An unchanged copy of every record below, without pictures, is the goal.

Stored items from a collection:

┄┄┄┄┄┄

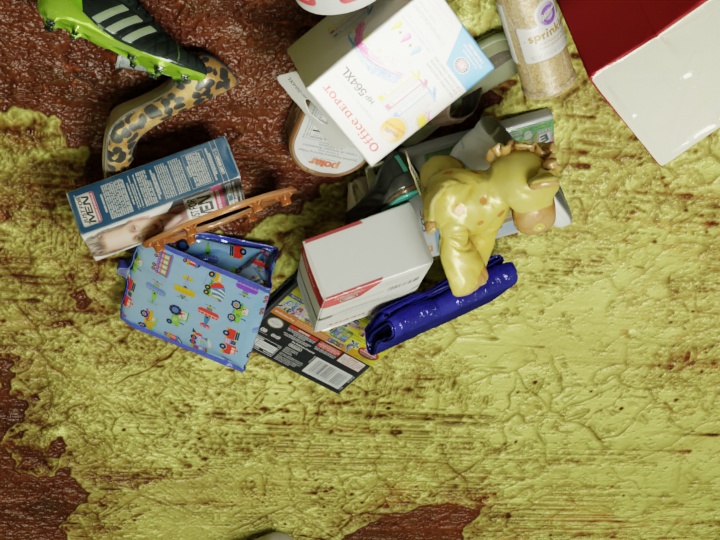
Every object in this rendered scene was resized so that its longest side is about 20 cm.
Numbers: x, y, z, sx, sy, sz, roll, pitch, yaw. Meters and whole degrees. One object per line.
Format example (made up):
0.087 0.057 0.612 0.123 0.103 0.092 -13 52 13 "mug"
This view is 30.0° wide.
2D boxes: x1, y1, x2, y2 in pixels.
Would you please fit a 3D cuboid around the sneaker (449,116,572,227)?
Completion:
0.188 -0.111 1.671 0.080 0.071 0.200 -38 125 24 "sneaker"

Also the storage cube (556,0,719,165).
0.342 -0.264 1.506 0.170 0.181 0.200 -32 132 21 "storage cube"

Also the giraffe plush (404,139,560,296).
0.157 -0.087 1.545 0.161 0.174 0.200 -17 142 10 "giraffe plush"

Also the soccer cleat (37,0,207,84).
-0.251 -0.268 1.460 0.199 0.082 0.067 23 171 -21 "soccer cleat"

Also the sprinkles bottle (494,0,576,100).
0.188 -0.292 1.508 0.068 0.068 0.201 -18 125 8 "sprinkles bottle"

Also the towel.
0.102 0.044 1.786 0.199 0.050 0.148 -23 173 -18 "towel"

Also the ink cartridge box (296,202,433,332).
0.000 0.000 1.689 0.146 0.084 0.200 -20 169 -10 "ink cartridge box"

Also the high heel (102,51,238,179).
-0.227 -0.167 1.573 0.141 0.072 0.201 9 125 -12 "high heel"

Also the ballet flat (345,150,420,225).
0.024 -0.095 1.681 0.068 0.069 0.200 -21 170 -29 "ballet flat"

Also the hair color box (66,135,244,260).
-0.241 -0.085 1.608 0.198 0.061 0.100 -20 163 -6 "hair color box"

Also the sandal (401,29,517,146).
0.114 -0.214 1.598 0.200 0.058 0.080 -34 130 23 "sandal"

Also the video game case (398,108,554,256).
0.155 -0.107 1.719 0.198 0.022 0.183 -16 135 -5 "video game case"

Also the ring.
-0.169 -0.059 1.631 0.199 0.200 0.019 -22 90 11 "ring"

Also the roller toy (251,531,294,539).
-0.158 0.531 2.190 0.139 0.200 0.184 -22 99 12 "roller toy"

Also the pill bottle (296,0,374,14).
-0.040 -0.376 1.372 0.118 0.120 0.201 -16 135 6 "pill bottle"

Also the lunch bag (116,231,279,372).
-0.223 0.027 1.755 0.198 0.094 0.151 16 127 -7 "lunch bag"

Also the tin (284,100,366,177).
-0.022 -0.195 1.609 0.111 0.042 0.201 12 131 -15 "tin"

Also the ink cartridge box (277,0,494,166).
0.021 -0.224 1.483 0.200 0.125 0.129 -39 120 7 "ink cartridge box"

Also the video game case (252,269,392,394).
-0.046 0.080 1.880 0.199 0.026 0.181 30 123 -31 "video game case"
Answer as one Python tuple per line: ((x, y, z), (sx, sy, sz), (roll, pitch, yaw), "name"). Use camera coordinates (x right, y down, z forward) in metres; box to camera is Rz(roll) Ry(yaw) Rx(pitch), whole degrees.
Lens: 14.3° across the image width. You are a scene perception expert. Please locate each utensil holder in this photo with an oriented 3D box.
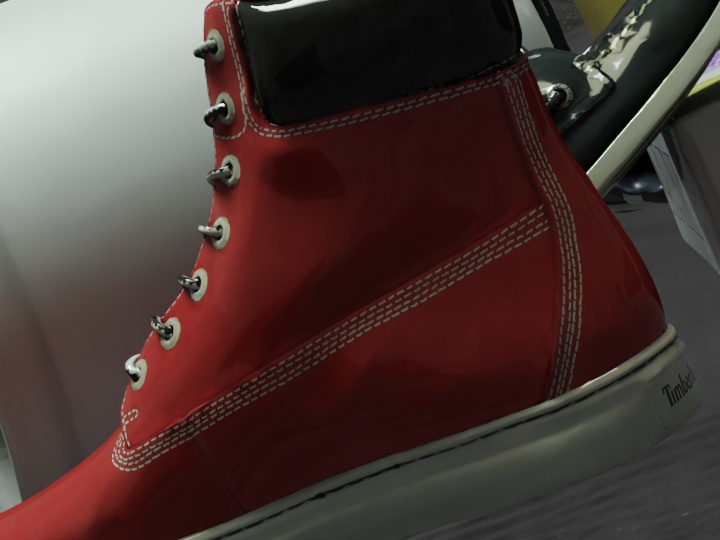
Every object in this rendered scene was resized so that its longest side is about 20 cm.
((-0.050, -0.019, 0.890), (0.200, 0.170, 0.170), (-24, 4, -19), "utensil holder")

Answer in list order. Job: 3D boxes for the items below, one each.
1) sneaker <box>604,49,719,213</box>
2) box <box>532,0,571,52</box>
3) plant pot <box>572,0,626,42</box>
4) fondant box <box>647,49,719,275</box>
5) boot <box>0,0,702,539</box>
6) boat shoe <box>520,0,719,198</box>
((0.157, -0.082, 1.082), (0.199, 0.080, 0.130), (-24, 6, 8), "sneaker")
((0.046, -0.119, 1.672), (0.104, 0.148, 0.200), (-23, 3, 20), "box")
((0.214, -0.226, 1.827), (0.195, 0.195, 0.200), (-26, -3, -20), "plant pot")
((0.161, -0.055, 0.877), (0.144, 0.058, 0.200), (-25, 3, 3), "fondant box")
((-0.035, 0.003, 0.689), (0.200, 0.145, 0.072), (-24, 6, 22), "boot")
((0.033, -0.031, 0.789), (0.199, 0.066, 0.075), (-50, 0, -16), "boat shoe")
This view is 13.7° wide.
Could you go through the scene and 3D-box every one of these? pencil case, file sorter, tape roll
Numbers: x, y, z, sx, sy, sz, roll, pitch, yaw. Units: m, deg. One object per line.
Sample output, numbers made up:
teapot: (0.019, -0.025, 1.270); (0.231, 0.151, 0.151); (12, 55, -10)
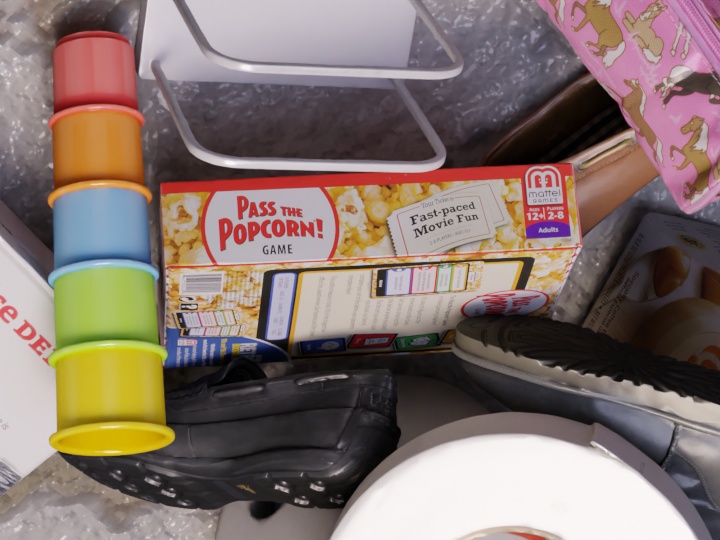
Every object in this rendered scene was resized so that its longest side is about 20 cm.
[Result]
pencil case: (0.137, -0.123, 1.439); (0.083, 0.086, 0.200); (-36, 85, 21)
file sorter: (-0.017, -0.160, 1.406); (0.138, 0.125, 0.201); (1, 116, -17)
tape roll: (0.076, 0.167, 1.434); (0.202, 0.037, 0.204); (2, 104, 8)

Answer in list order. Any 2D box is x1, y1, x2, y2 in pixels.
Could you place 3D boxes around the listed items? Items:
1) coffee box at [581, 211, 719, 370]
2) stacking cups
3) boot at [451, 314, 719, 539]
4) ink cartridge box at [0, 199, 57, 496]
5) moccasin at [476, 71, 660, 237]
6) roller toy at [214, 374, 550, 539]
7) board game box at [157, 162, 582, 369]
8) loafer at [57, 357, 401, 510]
coffee box: (0.201, 0.072, 1.541); (0.079, 0.200, 0.115); (11, 114, -40)
stacking cups: (-0.119, -0.015, 1.426); (0.060, 0.060, 0.201); (3, 74, -18)
boot: (0.109, 0.136, 1.476); (0.181, 0.073, 0.201); (19, 111, 11)
ink cartridge box: (-0.234, 0.053, 1.478); (0.200, 0.084, 0.145); (-39, 121, 6)
moccasin: (0.141, -0.096, 1.522); (0.201, 0.074, 0.078); (-37, 129, 16)
roller toy: (0.023, 0.155, 1.576); (0.199, 0.140, 0.183); (1, 114, -28)
board game box: (0.000, 0.000, 1.476); (0.199, 0.047, 0.152); (-3, 160, -6)
loafer: (-0.065, 0.080, 1.514); (0.200, 0.071, 0.068); (-2, 152, 34)

┄┄┄┄┄┄

_SOLUTION FOR THIS PROBLEM_:
Every object in this rendered scene was resized so that its longest side is about 20 cm.
Numbers: x, y, z, sx, sy, sz, roll, pitch, yaw. Meters and whole degrees. One object per line.
Format example (made up):
0.087 0.057 0.612 0.123 0.103 0.092 -13 52 13 "mug"
This view is 30.0° wide.
2D boxes: x1, y1, x2, y2 in pixels.
Would you please fit a 3D cuboid around the sneaker (449,116,572,227)?
Completion:
0.188 -0.111 1.671 0.080 0.071 0.200 -38 125 24 "sneaker"

Also the storage cube (556,0,719,165).
0.342 -0.264 1.506 0.170 0.181 0.200 -32 132 21 "storage cube"

Also the giraffe plush (404,139,560,296).
0.157 -0.087 1.545 0.161 0.174 0.200 -17 142 10 "giraffe plush"

Also the soccer cleat (37,0,207,84).
-0.251 -0.268 1.460 0.199 0.082 0.067 23 171 -21 "soccer cleat"

Also the sprinkles bottle (494,0,576,100).
0.188 -0.292 1.508 0.068 0.068 0.201 -18 125 8 "sprinkles bottle"

Also the towel.
0.102 0.044 1.786 0.199 0.050 0.148 -23 173 -18 "towel"

Also the ink cartridge box (296,202,433,332).
0.000 0.000 1.689 0.146 0.084 0.200 -20 169 -10 "ink cartridge box"

Also the high heel (102,51,238,179).
-0.227 -0.167 1.573 0.141 0.072 0.201 9 125 -12 "high heel"

Also the ballet flat (345,150,420,225).
0.024 -0.095 1.681 0.068 0.069 0.200 -21 170 -29 "ballet flat"

Also the hair color box (66,135,244,260).
-0.241 -0.085 1.608 0.198 0.061 0.100 -20 163 -6 "hair color box"

Also the sandal (401,29,517,146).
0.114 -0.214 1.598 0.200 0.058 0.080 -34 130 23 "sandal"

Also the video game case (398,108,554,256).
0.155 -0.107 1.719 0.198 0.022 0.183 -16 135 -5 "video game case"

Also the ring.
-0.169 -0.059 1.631 0.199 0.200 0.019 -22 90 11 "ring"

Also the roller toy (251,531,294,539).
-0.158 0.531 2.190 0.139 0.200 0.184 -22 99 12 "roller toy"

Also the pill bottle (296,0,374,14).
-0.040 -0.376 1.372 0.118 0.120 0.201 -16 135 6 "pill bottle"

Also the lunch bag (116,231,279,372).
-0.223 0.027 1.755 0.198 0.094 0.151 16 127 -7 "lunch bag"

Also the tin (284,100,366,177).
-0.022 -0.195 1.609 0.111 0.042 0.201 12 131 -15 "tin"

Also the ink cartridge box (277,0,494,166).
0.021 -0.224 1.483 0.200 0.125 0.129 -39 120 7 "ink cartridge box"

Also the video game case (252,269,392,394).
-0.046 0.080 1.880 0.199 0.026 0.181 30 123 -31 "video game case"
Answer as one Python tuple per line: ((x, y, z), (sx, sy, sz), (roll, pitch, yaw), "name"). Use camera coordinates (x right, y down, z forward) in metres; box to camera is Rz(roll) Ry(yaw) Rx(pitch), whole degrees.
Lens: 14.3° across the image width. You are a scene perception expert. Please locate each utensil holder in this photo with an oriented 3D box.
Every object in this rendered scene was resized so that its longest side is about 20 cm.
((-0.050, -0.019, 0.890), (0.200, 0.170, 0.170), (-24, 4, -19), "utensil holder")

Answer in list order. Job: 3D boxes for the items below, one each.
1) sneaker <box>604,49,719,213</box>
2) box <box>532,0,571,52</box>
3) plant pot <box>572,0,626,42</box>
4) fondant box <box>647,49,719,275</box>
5) boot <box>0,0,702,539</box>
6) boat shoe <box>520,0,719,198</box>
((0.157, -0.082, 1.082), (0.199, 0.080, 0.130), (-24, 6, 8), "sneaker")
((0.046, -0.119, 1.672), (0.104, 0.148, 0.200), (-23, 3, 20), "box")
((0.214, -0.226, 1.827), (0.195, 0.195, 0.200), (-26, -3, -20), "plant pot")
((0.161, -0.055, 0.877), (0.144, 0.058, 0.200), (-25, 3, 3), "fondant box")
((-0.035, 0.003, 0.689), (0.200, 0.145, 0.072), (-24, 6, 22), "boot")
((0.033, -0.031, 0.789), (0.199, 0.066, 0.075), (-50, 0, -16), "boat shoe")
This view is 13.7° wide.
Could you go through the scene and 3D-box every one of these? pencil case, file sorter, tape roll
Numbers: x, y, z, sx, sy, sz, roll, pitch, yaw. Units: m, deg. One object per line.
Sample output, numbers made up:
teapot: (0.019, -0.025, 1.270); (0.231, 0.151, 0.151); (12, 55, -10)
Every object in this rendered scene was resized so that its longest side is about 20 cm.
[Result]
pencil case: (0.137, -0.123, 1.439); (0.083, 0.086, 0.200); (-36, 85, 21)
file sorter: (-0.017, -0.160, 1.406); (0.138, 0.125, 0.201); (1, 116, -17)
tape roll: (0.076, 0.167, 1.434); (0.202, 0.037, 0.204); (2, 104, 8)

Answer in list order. Any 2D box is x1, y1, x2, y2 in pixels.
Could you place 3D boxes around the listed items? Items:
1) coffee box at [581, 211, 719, 370]
2) stacking cups
3) boot at [451, 314, 719, 539]
4) ink cartridge box at [0, 199, 57, 496]
5) moccasin at [476, 71, 660, 237]
6) roller toy at [214, 374, 550, 539]
7) board game box at [157, 162, 582, 369]
8) loafer at [57, 357, 401, 510]
coffee box: (0.201, 0.072, 1.541); (0.079, 0.200, 0.115); (11, 114, -40)
stacking cups: (-0.119, -0.015, 1.426); (0.060, 0.060, 0.201); (3, 74, -18)
boot: (0.109, 0.136, 1.476); (0.181, 0.073, 0.201); (19, 111, 11)
ink cartridge box: (-0.234, 0.053, 1.478); (0.200, 0.084, 0.145); (-39, 121, 6)
moccasin: (0.141, -0.096, 1.522); (0.201, 0.074, 0.078); (-37, 129, 16)
roller toy: (0.023, 0.155, 1.576); (0.199, 0.140, 0.183); (1, 114, -28)
board game box: (0.000, 0.000, 1.476); (0.199, 0.047, 0.152); (-3, 160, -6)
loafer: (-0.065, 0.080, 1.514); (0.200, 0.071, 0.068); (-2, 152, 34)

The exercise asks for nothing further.